Художник прав в той мере, в какой остается художником. Пастернак в начале тридцатых переживает «Второе рождение», Мандельштам составляет невышедшую книгу «Новые стихи». И в том и в другом цикле есть бесспорные вершины и практически нет провалов. Правы оба. Тем более что обоим пришлось расплачиваться. Разница в том, что Мандельштам в начале тридцатых жил с вернувшимся «сознанием своей правоты», а Пастернак — с усугубляющимся сознанием неправоты. Но разве не этого он хотел?

Немудрено, что к 1934 году, который их надолго развел,— отношения между ними испортились.

7

Мандельштам начала тридцатых все чаще вел себя как юродивый. Он беспрерывно требовал третейских судов, склочничал, скандалил,— жизнь его превратилась в трагифарс. Иногда они с женой бывали у Пастернаков. Хозяин после долгих просьб соглашался почитать. Мандельштам перебивал и начинал читать свое. Ему самому хотелось быть в центре внимания. Он говорил рискованные вещи, ругал власть почем зря, рассказывал политические анекдоты. Зинаида Николаевна его ненавидела.

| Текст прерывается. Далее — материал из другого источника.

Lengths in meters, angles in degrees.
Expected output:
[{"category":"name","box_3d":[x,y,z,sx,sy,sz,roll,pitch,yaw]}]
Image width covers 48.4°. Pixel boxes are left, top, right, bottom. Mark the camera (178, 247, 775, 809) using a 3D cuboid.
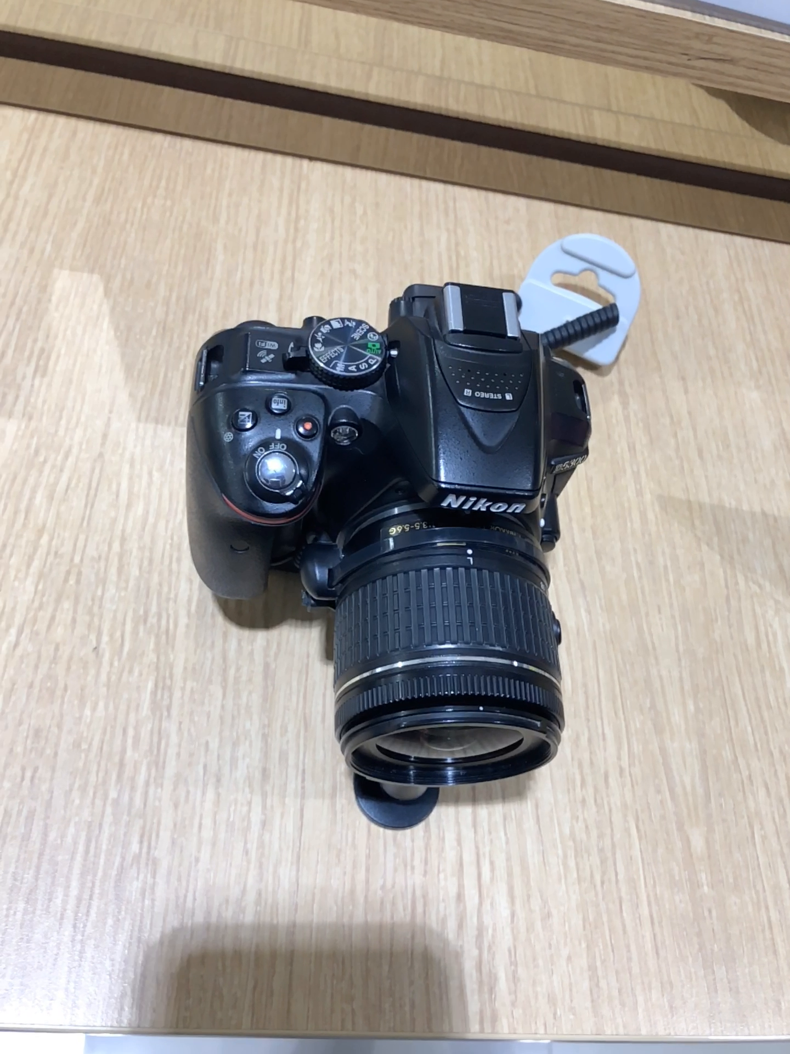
[{"category":"camera","box_3d":[0.008,0.008,0.242,0.120,0.102,0.110,4,58,-10]}]
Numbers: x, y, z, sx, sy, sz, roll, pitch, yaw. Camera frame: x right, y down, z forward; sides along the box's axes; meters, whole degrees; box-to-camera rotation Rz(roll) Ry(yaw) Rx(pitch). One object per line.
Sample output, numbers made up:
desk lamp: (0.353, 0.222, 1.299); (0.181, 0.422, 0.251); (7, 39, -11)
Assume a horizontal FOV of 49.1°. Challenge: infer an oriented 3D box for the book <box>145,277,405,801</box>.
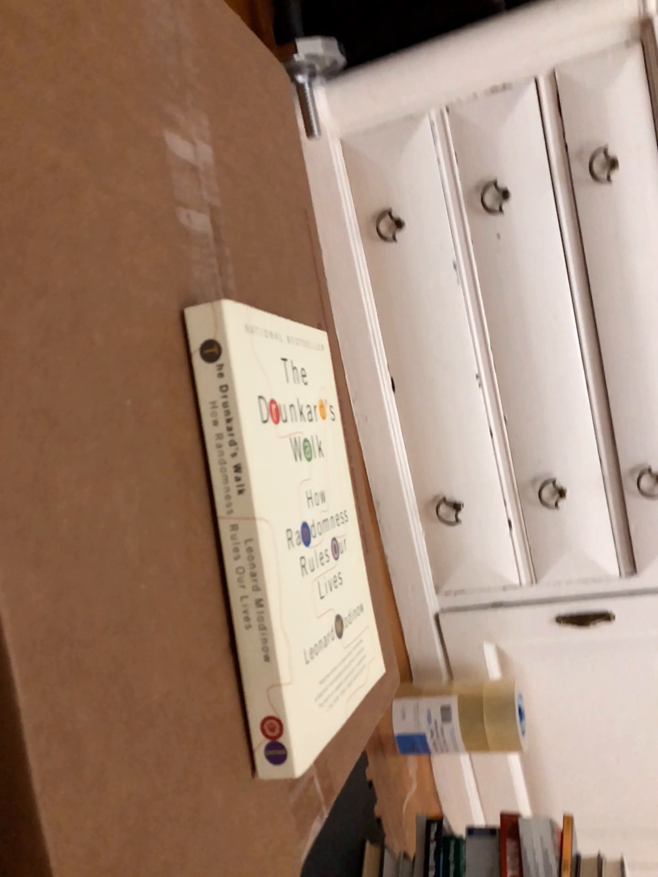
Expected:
book: (-0.017, 0.039, 0.358); (0.141, 0.040, 0.210); (-7, 87, -70)

«Он держал себя петухом, наскакивал на Борю, критиковал его стихи и все время читал свои. (…) В конце концов Боря согласился со мной, что поведение Мандельштама неприятно, но всегда отдавал должное его мастерству».

Мандельштам — один из немногих собеседников, с которыми Пастернак мог дотянуться до себя, поговорить без скидок,— но у того своя боль и своя гордыня: Пастернака печатают, знают, он популярен и признан коллегами — а Мандельштаму негде и некому прочесть новые стихи, литературных друзей нет, романес с Тверского бульвара закономерно отвернулись; он дружил теперь с биологами, естественниками, отводил душу с молодым учеником Липкиным, на котором тоже нередко срывал злость… «Все время читалсвои стихи» — да где ж ему и было читать их? Эта привычка зачитывать стихами первого встречного тоже была формой юродства и вызова: Наталья Штемпель вспоминала, как в Воронеже, в ссылке, Мандельштам из уличного телефона-автомата звонил следователю, курировавшему его ссыльную жизнь: «Нет, слушайте, вы обязаны слушать!» И читал ему стихи из «Воронежских тетрадей»… В конце концов между Мандельштамом и Пастернаком наступило естественное охлаждение — был большой званый ужин, приехали грузинские поэты, был Тихонов (он, приезжая из Ленинграда, останавливался обычно на Волхонке). Гости превозносили Пастернака, просили читать. Вместо него стал читать Мандельштам. Новых его стихов никто не понимал, вел он себя вызывающе — вечер расстроился, и больше его в гости не звали.